# Relative error

*This article is about the error of intervals measured in relative cents. For the relative error of temperaments, see Tenney-Euclidean temperament measures #TE simple badness.*

The **relative error** of an interval in an edo is the error in cents approximating a targeted interval divided by the size of an edostep, or equivalently stated, the error in relative cents. The formula for closest mapping of any JI interval is

[math]e(n, r) = (\text{round} (n \log_2 r) - n \log_2 r) \times 100\%[/math]

where *n* is the edo number and *r* is the targeted frequency ratio.

The unit of relative error is *relative cent* or *percent*.

With closest mapping, the relative error ranges from -50% to +50%. With patent val mapping, it can be farther from zero. To obtain the relative error in patent val mapping, first find that of relevant prime harmonics, and then apply the additive rule (see below).

## Additivity

There are two additivities of relative errors.

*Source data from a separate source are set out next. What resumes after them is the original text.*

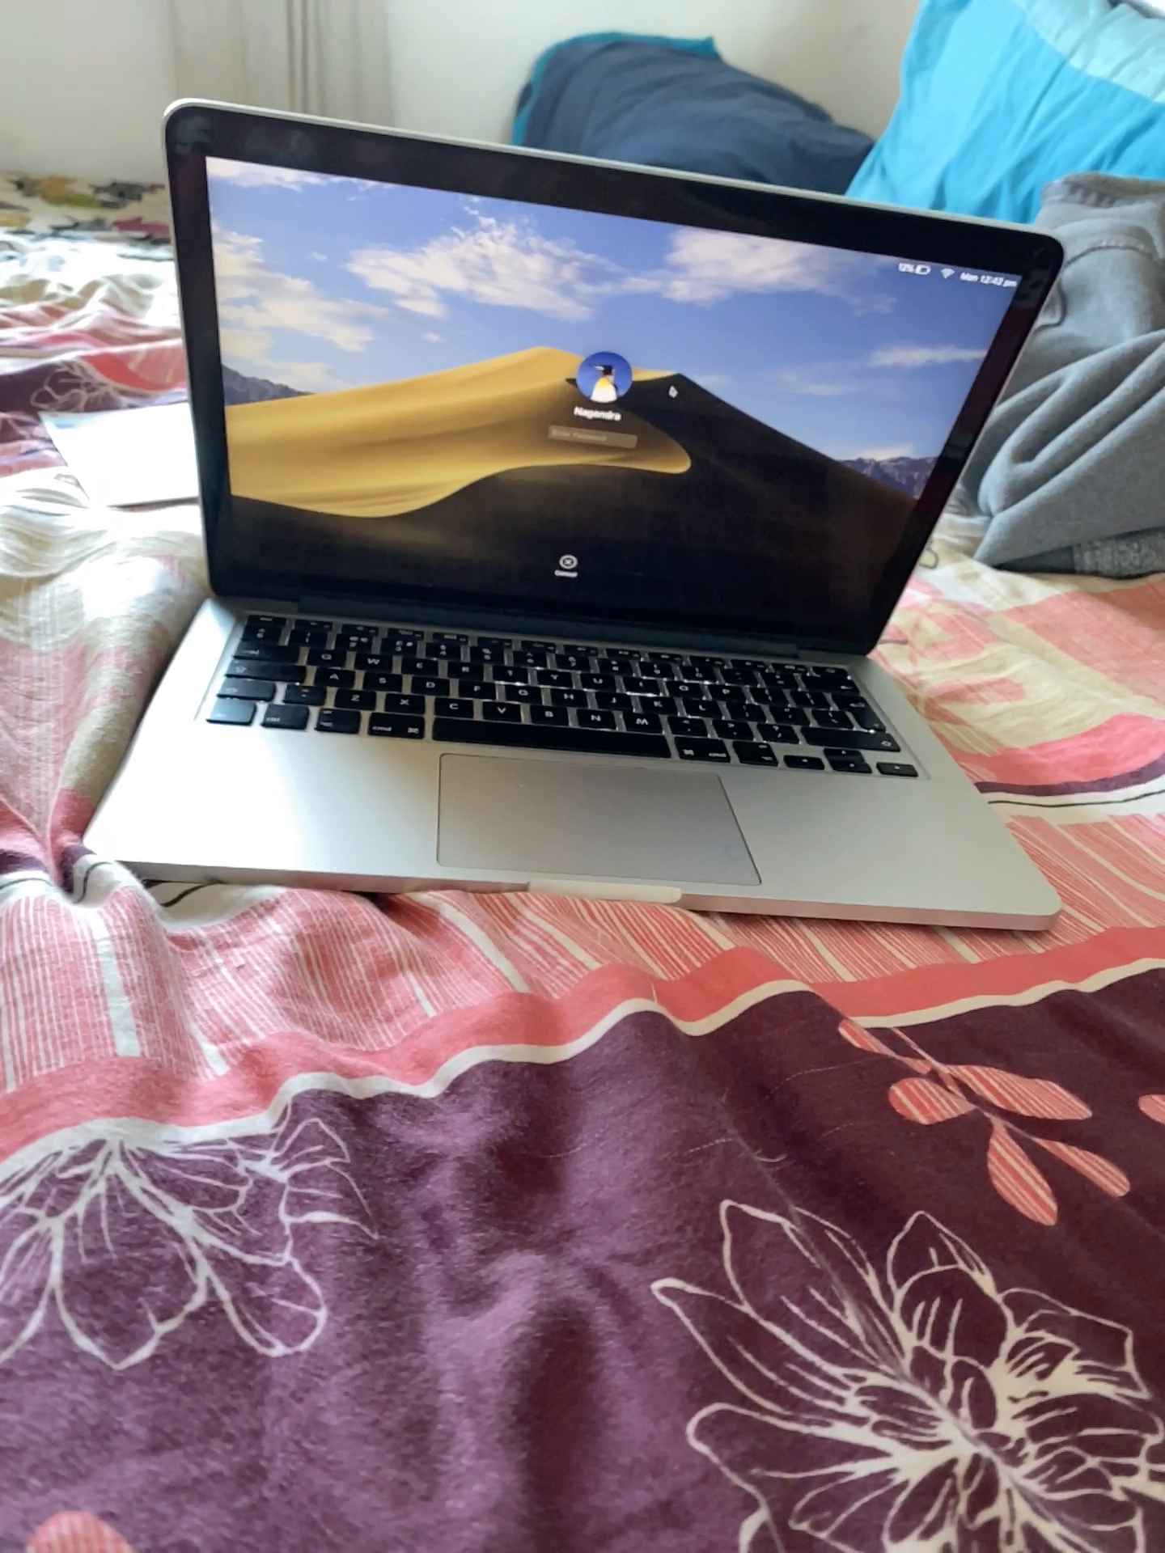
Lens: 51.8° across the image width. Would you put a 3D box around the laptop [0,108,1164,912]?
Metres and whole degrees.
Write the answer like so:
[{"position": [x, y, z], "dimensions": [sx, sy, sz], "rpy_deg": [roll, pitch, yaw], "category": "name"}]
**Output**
[{"position": [0.005, -0.099, 0.412], "dimensions": [0.303, 0.191, 0.203], "rpy_deg": [4, 30, -7], "category": "laptop"}]

First, for the same edo, a ratio which is the product of some other ratios have their relative errors additive, that is, if *r*_{3} = *r*_{1}*r*_{2} for *n*, then *e* (*n*, *r*_{3}) = *e* (*n*, *r*_{1}) + *e* (*n*, *r*_{2}).

If the error exceeds the range -50% to +50%, it indicates that an inconsistency occurs, and there is a discrepancy in patent val mapping and closest mapping, so is the error. The patent val mapping error is unchanged, and that of closest mapping is the previous result reduced by an integer to fit it into the range.

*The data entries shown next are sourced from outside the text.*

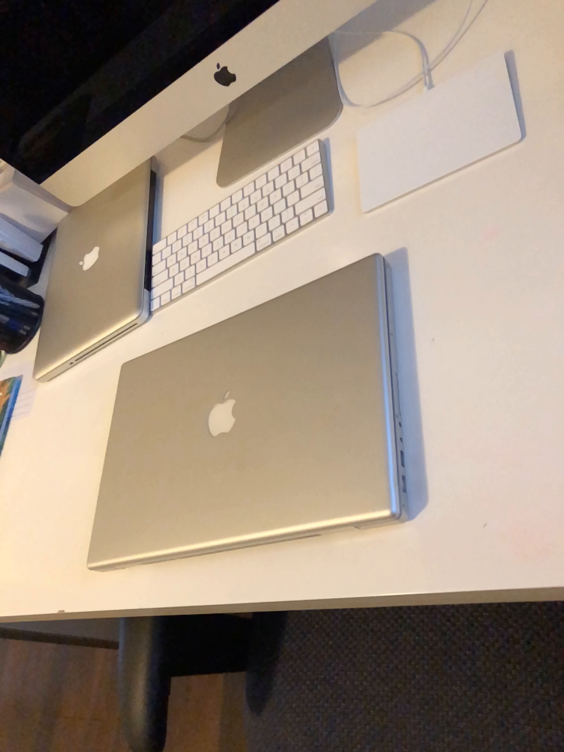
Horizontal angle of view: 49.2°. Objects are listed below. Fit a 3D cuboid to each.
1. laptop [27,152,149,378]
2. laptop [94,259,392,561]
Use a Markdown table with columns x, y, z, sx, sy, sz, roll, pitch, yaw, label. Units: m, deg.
| x | y | z | sx | sy | sz | roll | pitch | yaw | label |
| --- | --- | --- | --- | --- | --- | --- | --- | --- | --- |
| -0.275 | -0.164 | 0.886 | 0.201 | 0.009 | 0.279 | -23 | 55 | 27 | laptop |
| -0.052 | 0.043 | 0.578 | 0.333 | 0.005 | 0.215 | -19 | 57 | 33 | laptop |

For example, the errors of 2/1, 3/1 and 5/1 in 19-edo are 0, -11.43% and -11.66%, respectively. Since 6/5 = (2/1)(3/1) / (5/1), its error is 0 + (-11.43%) - (-11.66%) = 0.23%. That shows 19-edo has fairly flat fifths and major thirds, yet they cancel out when it comes to minor thirds and results in a very accurate approximation.

Second, for the same ratio, an edo which is the sum of some other edos have their relative errors additive, that is, if *n*_{3} = *n*_{1} + *n*_{2} for *r*, then *e* (*n*_{3}, *r*) = *e* (*n*_{1}, *r*) + *e* (*n*_{2}*,* *r*). This also needs to be reduced by an integer to fit into the range. In special, if an edo duplicates itself, and if the mappings do not change, then the error also duplicates.

For example, the errors of 3/1 for 26-edo and 27-edo are -20.90% and +20.60%, repectively, and their sum -0.30% is the error of 3/1 for 53-edo.